Prior to predicting the tumor purity by random forest regression, a grid search with 10-fold cross-validation was performed to determine the optimal parameters. As the result of the grid search with 10-fold cross-validation, a maximum depth of 20 trees and a number of 500 trees were finally selected. We trained the random forest regressor using the selected parameters and predicted the test performance using the remaining test sets. Figure 1a presents the experimental results of the test data for the 16 tumor types, which shows that there is a high positive correlation between the observed tumor purity values (CPE) and the values predicted by random forest regression (PCC = 0.8626). The MSE of the random forest regression for the test data was 0.0067. When comparing the prediction results for each tumor type, brain lower-grade glioma (LGG) showed the best results at 0.0024, and prostate adenocarcinoma (PRAD) was the worst at 0.0114 (Figure 1b). The random forest regressor showed good prediction results regardless of the tumor type, although the predictive performances were slightly different for each tumor type.

3.2. Identification of the Informative miRNAs with Feature Importance

Feature-importance scores were acquired from random forest regression. We examined the feature-importance scores to identify miRNAs that are important in tumor purity estimation. Table 3 shows the top 10 miRNAs ranked by their feature-importance scores.

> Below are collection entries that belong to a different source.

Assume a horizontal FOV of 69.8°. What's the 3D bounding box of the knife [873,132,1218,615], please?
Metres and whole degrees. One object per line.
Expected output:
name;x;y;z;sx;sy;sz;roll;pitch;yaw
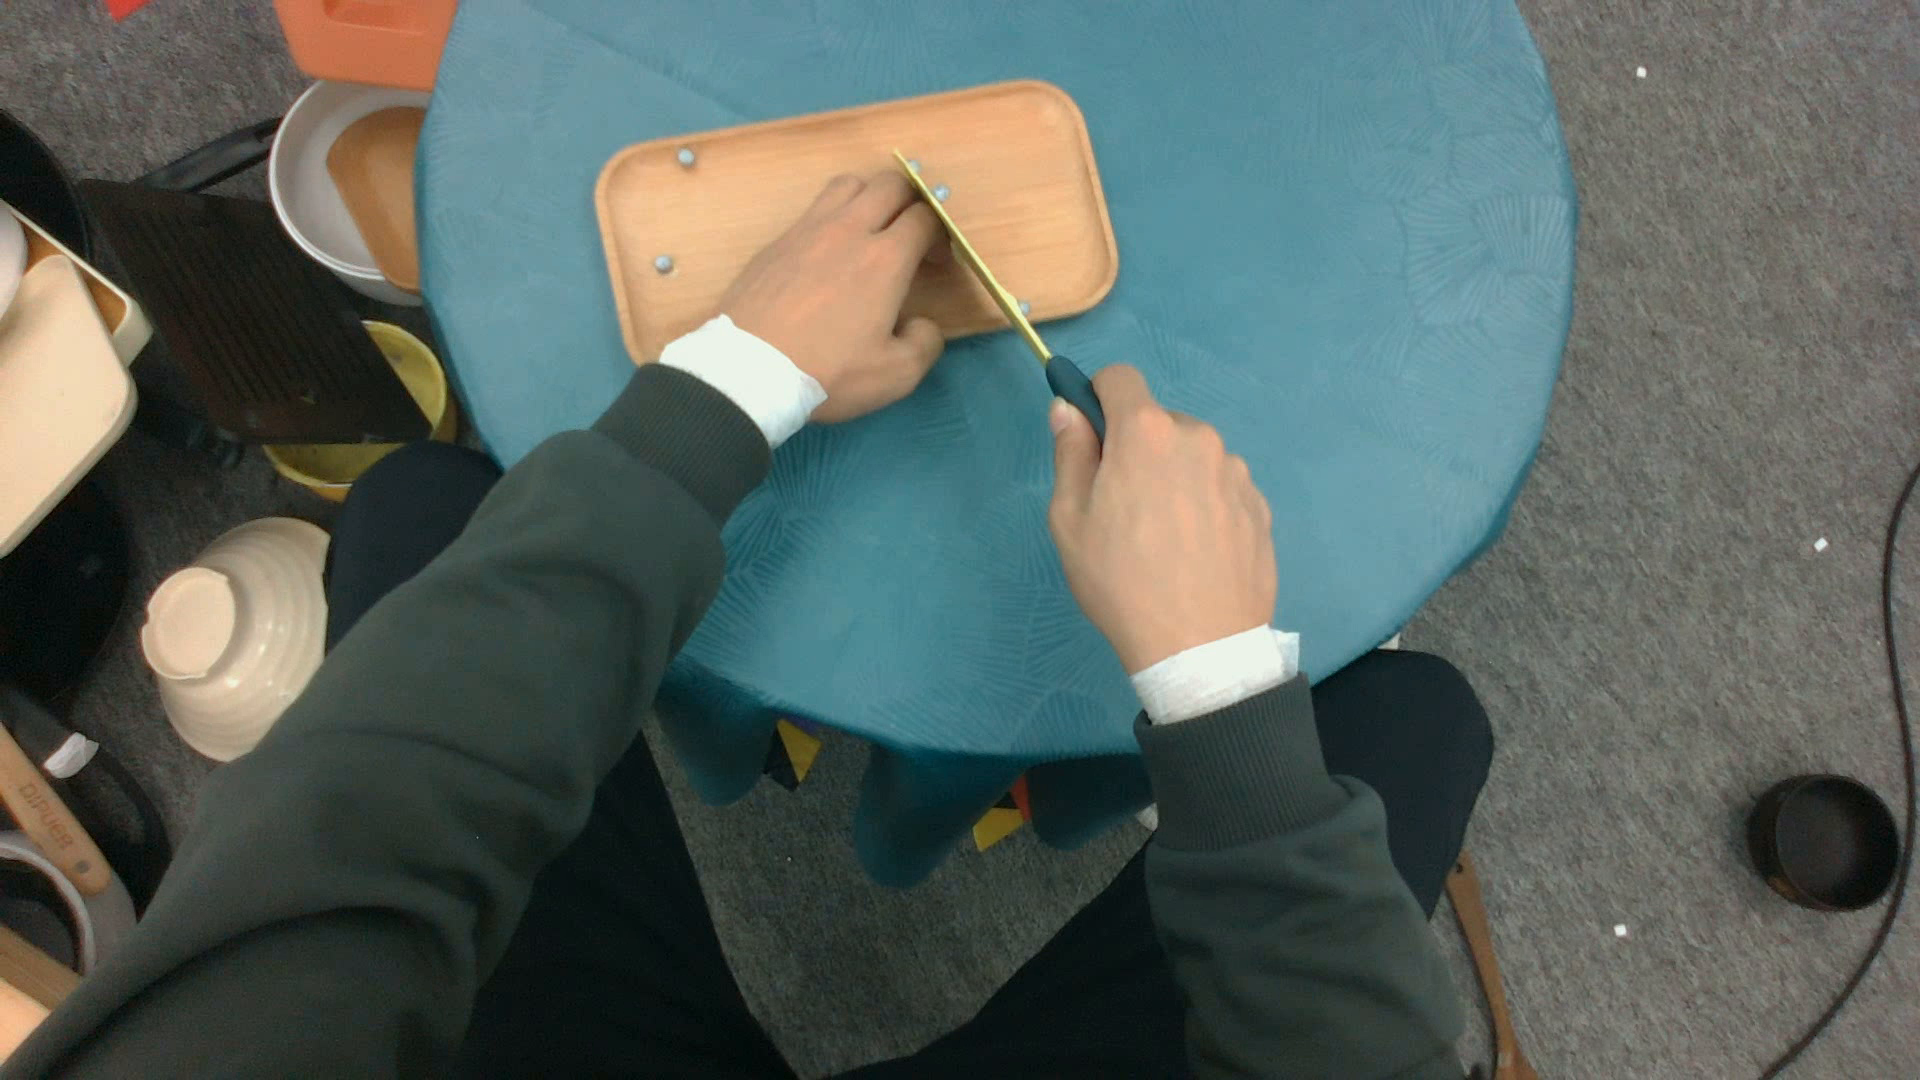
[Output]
knife;0.031;-0.085;0.634;0.027;0.081;0.290;-35;71;6

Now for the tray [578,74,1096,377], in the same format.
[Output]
tray;-0.060;-0.161;0.699;0.251;0.023;0.130;-12;83;-12

The miRNA with the highest feature-importance score was hsa-mir-155, which is required for CD8(+) T-cell responses to cancer [27]. Similarly, it has been shown that hsa-mir-155 overexpression enhances the anti-tumor response [27]. The second most abundant miRNA, hsa-mir-4772, has been reported as a prognostic biomarker for tumor recurrence in patients with stage II and stage III colon cancer [28]. Third, hsa-mir-142 was downregulated in hepatocellular carcinoma (HCC), and its expression level decreased as the disease worsened [29]. The overexpression of hsa-mir-142 significantly suppresses HCC cell migration and invasion [29]. Moreover, hsa-mir-150 also acts as a biomarker for hepatitis B virus-related HCC [30]. The serum hsa-mir-150 expression is considerably reduced in HCC patients compared to healthy controls [30]. In addition, hsa-miR-150 is noticeably downregulated in advanced cutaneous T-cell lymphoma, and the downregulation of hsa-miR-150 is related to tumor invasion and metastasis [31]. hsa-miR-223 inhibits the expression of various genes involved in inflammation and modulates tumor malignancy [32,33]. The expression of hsa-miR-200c and hsa-miR-200a modulates the epithelial-to-mesenchymal transition (EMT) of various tumor types [34,35,36]. In particular, hsa-miR-200c has recently been shown to play a role in interactions between tumor cells and macrophages [37]. Moreover, a recent study showed that has-miR-200a activates the expression of PD-L1 and dysregulates anti-tumor immunity [38]. has-miR-141 is a member of the miR-200 family, and this miRNA is located next to hsa-miR-200c on chromosome 12. Thus, the hsa-miR-141 also has a similar role to other miRNAs within the miR-200 family. The abnormal expression of miR-92a family members is found in various malignant tumors such as oral squamous cell carcinoma and acute myeloid leukemia [39,40]. miR-22 also plays a biological role in tumor angiogenesis, EMT, proliferation, migration, invasion, etc. [41].
Furthermore, we calculated the PCC between miRNA expression and tumor purity (CPE). It was noted that the PCCs for the top five miRNAs were negative.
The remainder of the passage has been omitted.